By Scott B. MacDonald

The Japanese government is not happy with the rating agencies and hates the idea that its ratings could end up at the same level as the small African country of Botswana. The government has demanded Moody's, S&P and Fitch explain their reasons for lowering the rating from AAA to mid-AA, with the possibility for further downgrades. Poking at the rating agencies is not a good approach. Indeed, the strategy is likely to fail as the Japanese government is giving the agencies more space to communicate their criticism.

The views of all three major rating agencies are now well known. The key issues of concern are Japan's massive build-up in public sector debt (140% of GDP and going higher), ongoing large fiscal deficits and a troubled banking sector overburdened with bad debt, much of it from a decade earlier. In addition, deflation, dysfunctional and protected sectors of the economy, ongoing resistance to structural reform, and a rapidly aging population all have troubling implications. What makes all of this an issue to the rating agencies is how Japan compares with other countries in terms of key ratios and the government's approach, especially in terms of timing.

Japanese officials have stated that public sector debt is not a problem and do not see it falling until later in the decade. Yet Japan is easily leading the way to higher levels of public sector debt among G-7 economies. While most of this debt is held by Japanese investors, it is still growing and will someday have to be repaid. At some point there is a confidence issue - can the government make its repayments without borrowing more money? If not, how comfortable is an investor holding bonds only as good as what the next investor is willing to back?

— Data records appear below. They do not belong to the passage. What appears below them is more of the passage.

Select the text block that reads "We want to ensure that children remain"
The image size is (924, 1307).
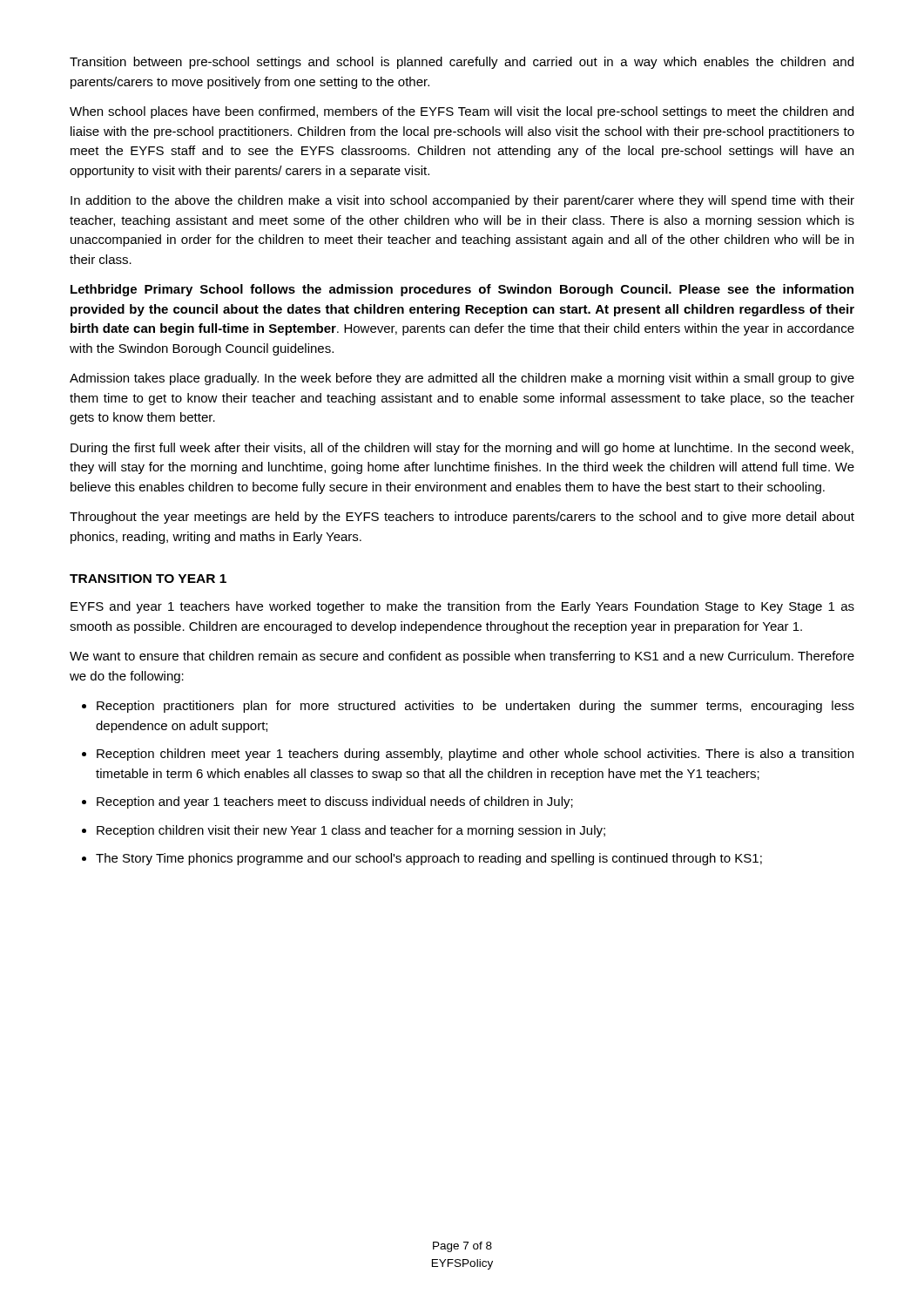tap(462, 665)
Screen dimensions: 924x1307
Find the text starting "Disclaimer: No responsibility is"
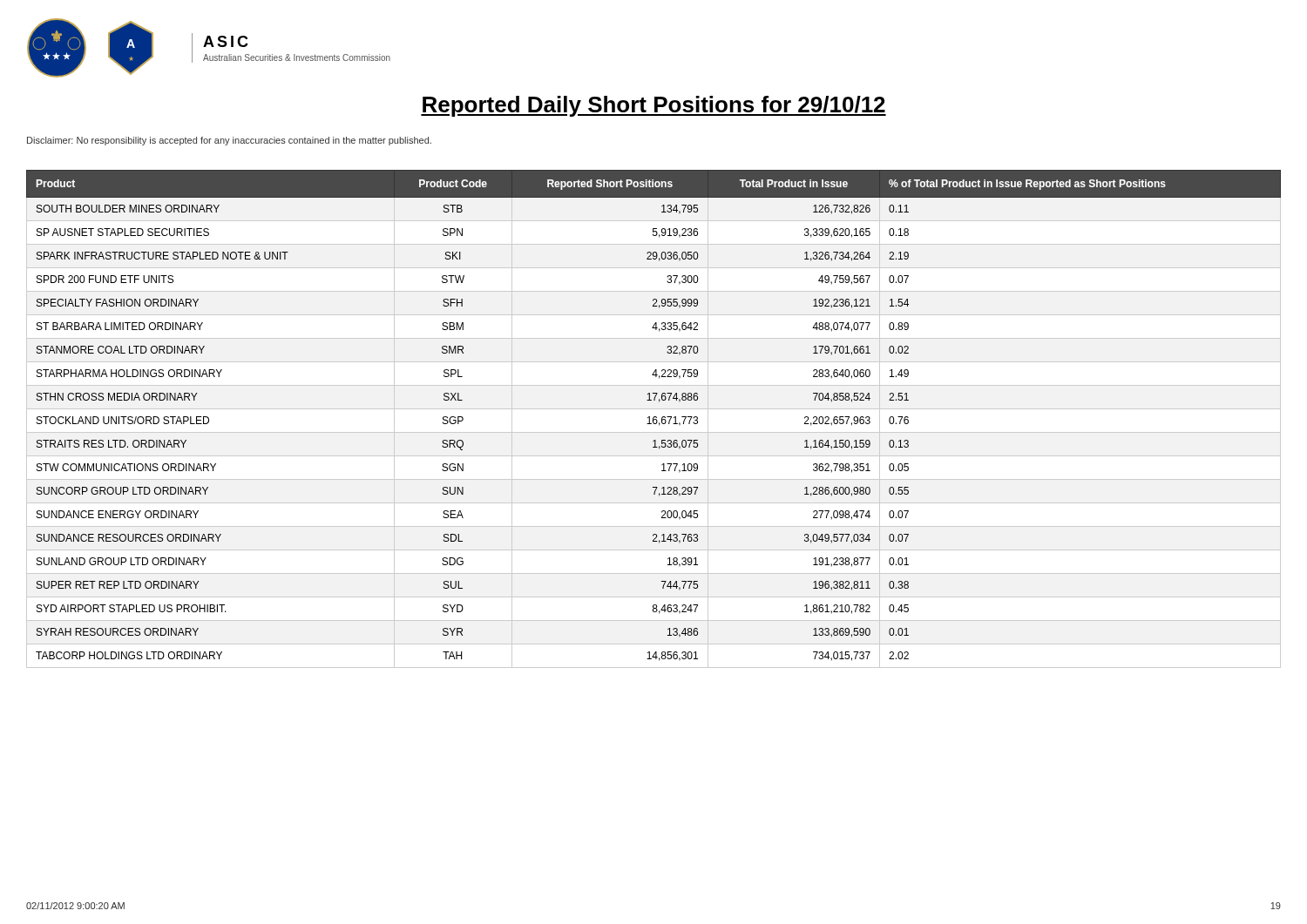[x=229, y=140]
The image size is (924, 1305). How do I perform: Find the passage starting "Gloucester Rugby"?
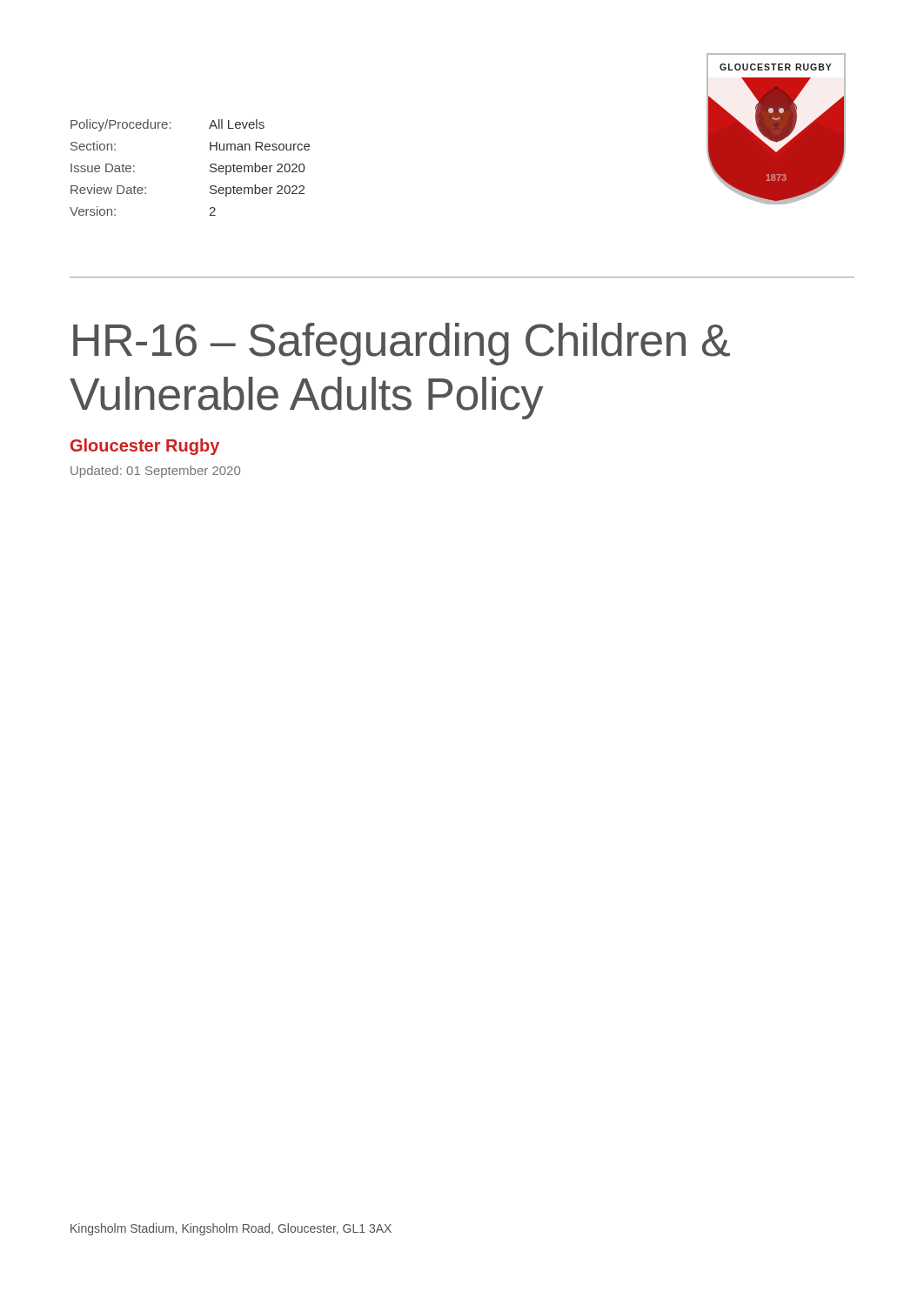pyautogui.click(x=145, y=447)

There are a number of other ratios that draw concern from the rating agencies, but most significant is the primary budget balance. This is where a government usually generates money to pay the interest on debt. Japan has run a deficit in its primary balance since 1993 and was -5.1% of GDP in 2001, compared to surpluses in Italy (4.2% of GDP), Belgium (5.7%) and the United States (2.9%).

It has also been asked why the United States during the late 1980s and early 1990s, with large budget deficits and foreign funding via U.S. Treasury bonds, did not receive a downgrade. Although the rating agencies did not downgrade the United States nor change their outlook to negative, they did warn about the dangers of failing to address these issues. An important difference between the U.S. and Japan is timing. Following the U.S. economic slowdown of 1989/1990, the United States undertook structural reforms, including the cleaning up of its bad bank debt, in a relatively short period. Public sector debt to GDP peaked in 1993 at 75.8%, while the budget deficit peaked in 1992 at 5.9% of GDP. Japan's bubble economy burst at the end of the 1980s and problems from that period are still very much in evidence.

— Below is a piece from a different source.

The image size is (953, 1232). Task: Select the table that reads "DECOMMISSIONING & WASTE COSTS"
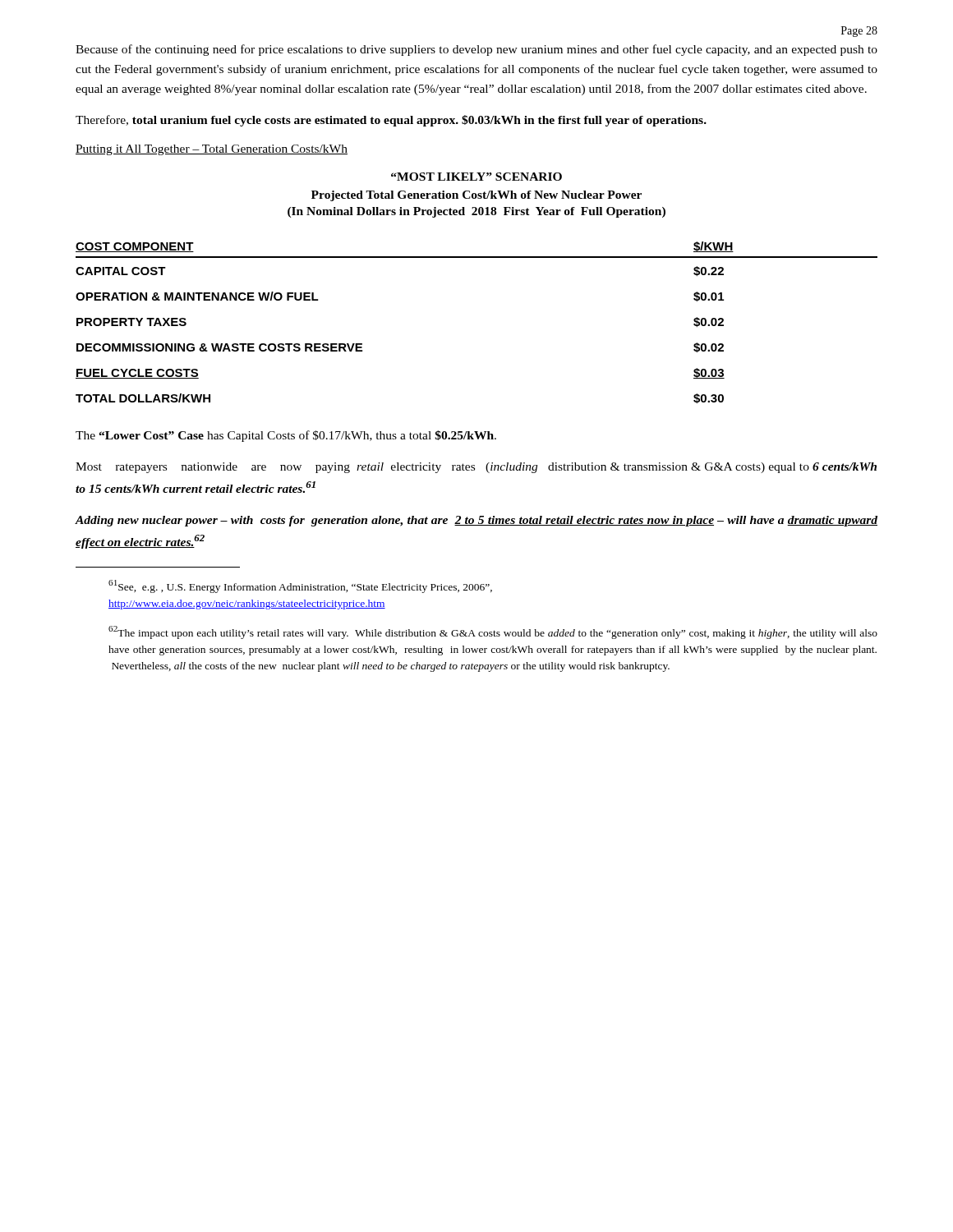(476, 322)

One last point that is hurting the Japanese government is that its claims of cleaning up bad debt and dealing with "zombie" companies are constantly being undermined by bank bailouts. For example, while the government was complaining about the rating agencies, UFJ Bank announced it will forgive Yen 470 billion ($3.68 billion) in loans to Daikyo Inc., a construction company. If this bailout goes through it would be Japan's second biggest this year, behind the Yen 520 billion in aid given in February to Daiei Inc., the nation's third-largest retailer. This is in sharp contrast to the United States, which let one of its major retailers, Kmart, file for bankruptcy in January.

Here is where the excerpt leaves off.